I've been meaning to pimp three non-fiction books, some of which I've already mentioned.
1. Secret Historian is a biography of Samuel Steward, who had a very fascinating life:
The novelist and professor at a Roman Catholic university who was born in 1909 into an austere and puritanical Methodist household in Ohio was Samuel M. Steward. But as the author of gay pulp fiction, he went by Phil Andros and a half-dozen other pseudonyms; Hells Angels in Oakland, Calif., who used him as their official tattoo artist, called him Doc Sparrow; readers of his articles in underground newspapers and magazines knew him as Ward Stames. To a close circle of artistic friends like Wilder, Cadmus, Gertrude Stein, Alice B. Toklas, Christopher Isherwood, the photographer George Platt Lynes and others, he was simply Sammy.
He kept detailed accounts of all of his gay sexual experiences in the pre-Stonewall era and was a major resources for Kinsey's research. Most of the book draws from his own letters and journals and he's a very witty and thoughtful writer creating a secret history of what was then a gay underground as a sexual outlaw.
2. Unbroken by Laura Hillenbrand - which probably doesn't need much pimping as it topped the NY Times Bestseller list. But if you know somebody that gobbles up histories and WWII stories, she's a fantastically vivid writer and Louie Zamperini's story is incredible.
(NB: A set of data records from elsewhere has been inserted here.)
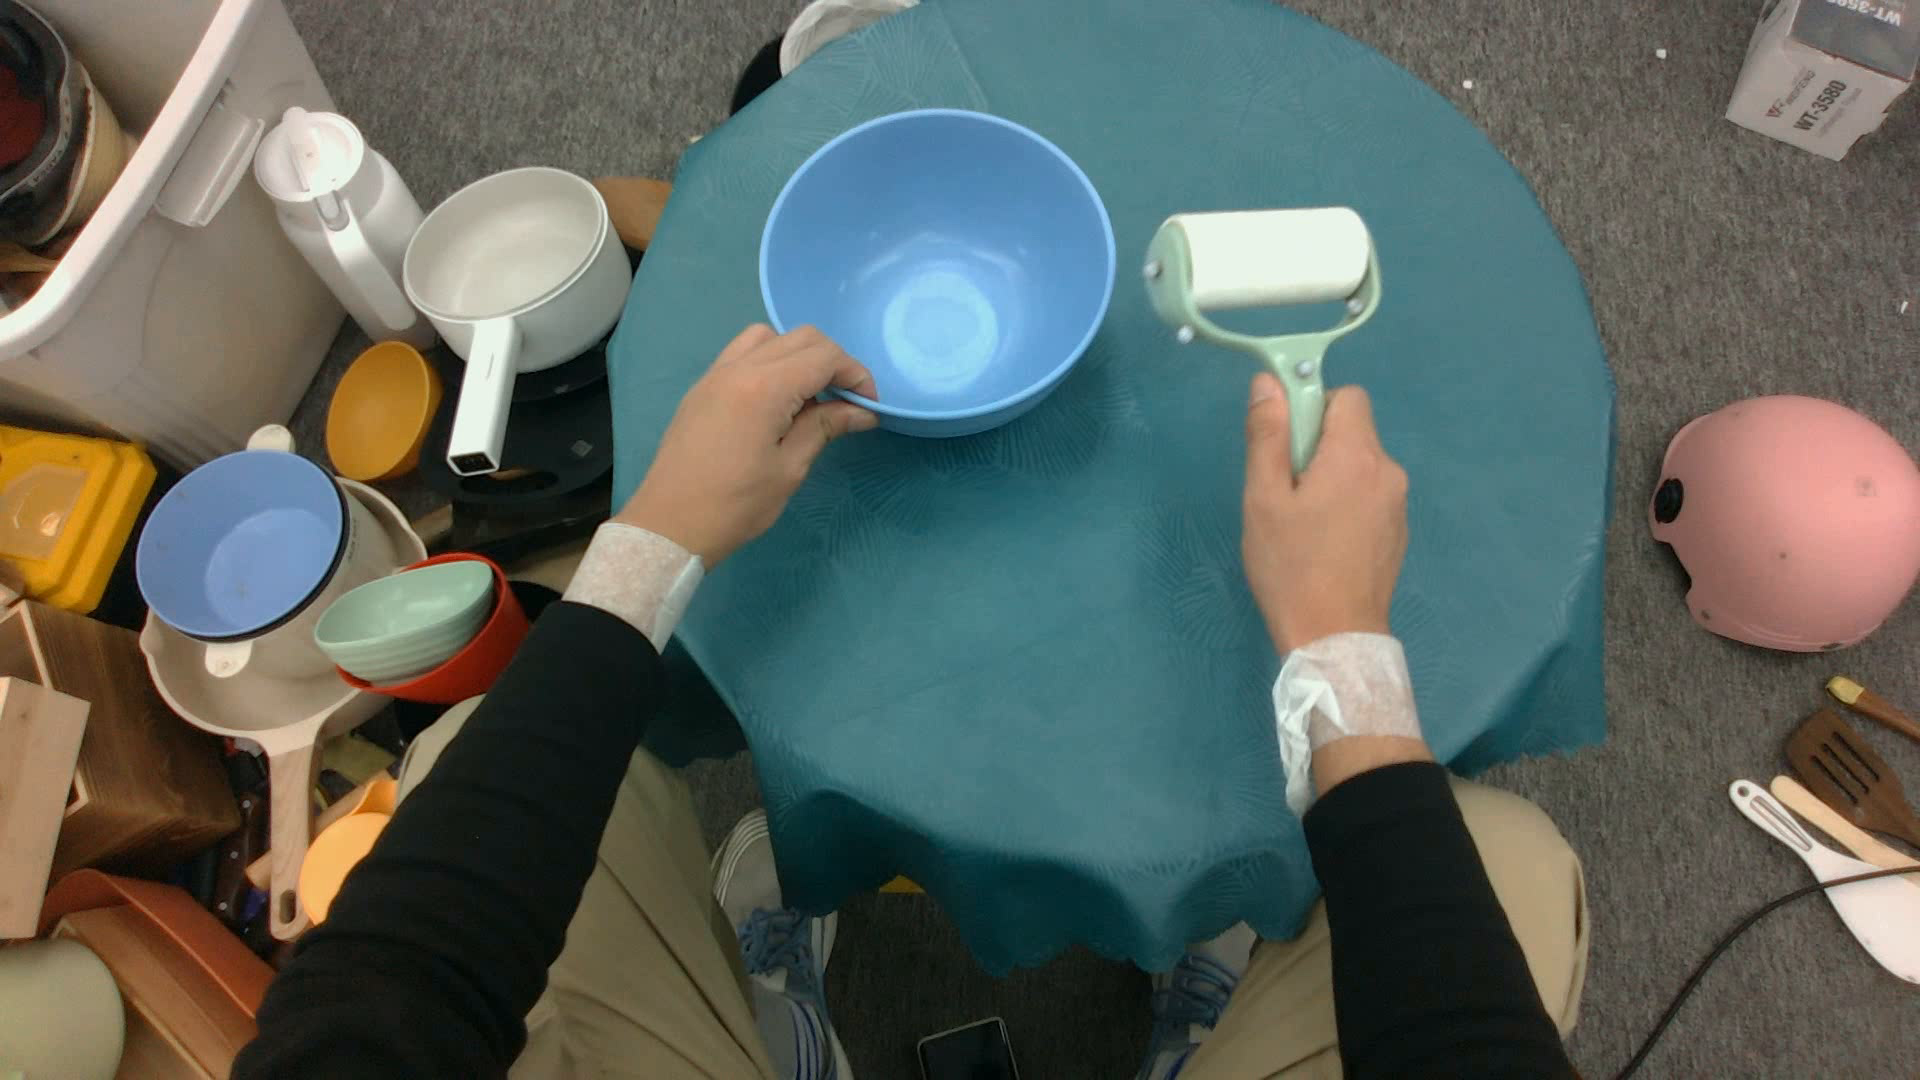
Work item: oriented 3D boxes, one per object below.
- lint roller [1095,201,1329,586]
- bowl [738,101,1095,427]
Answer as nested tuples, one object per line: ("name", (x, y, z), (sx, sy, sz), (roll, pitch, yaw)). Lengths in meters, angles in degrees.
("lint roller", (0.144, -0.074, 0.702), (0.117, 0.048, 0.198), (-11, 82, -20))
("bowl", (-0.024, -0.144, 0.797), (0.196, 0.095, 0.197), (0, 69, -1))

3. The Lampshade by Marc Jacobson. What's interesting about the book - which concerns the author coming into possession of a lampshade made out of human skin that's found in New Orleans after Katrina - isn't so much the finding of the mythical Nazi horror object, but the weird underworld of Nazi memorabilia collectors, holocaust deniers, New Orleans grave robbers, DNA specialists and cantors he interviews as he tries to track down the origin of the thing. It's an oddly shaped and sort of shaggy book, but its compelling because it has a serious moral question at its core: how do you respond to real horror? When you face the fact of human evil and suffering, what is right action? Katrina, 911, the Holocaust and a sleezy underworld worthy of your favorite crime novelist.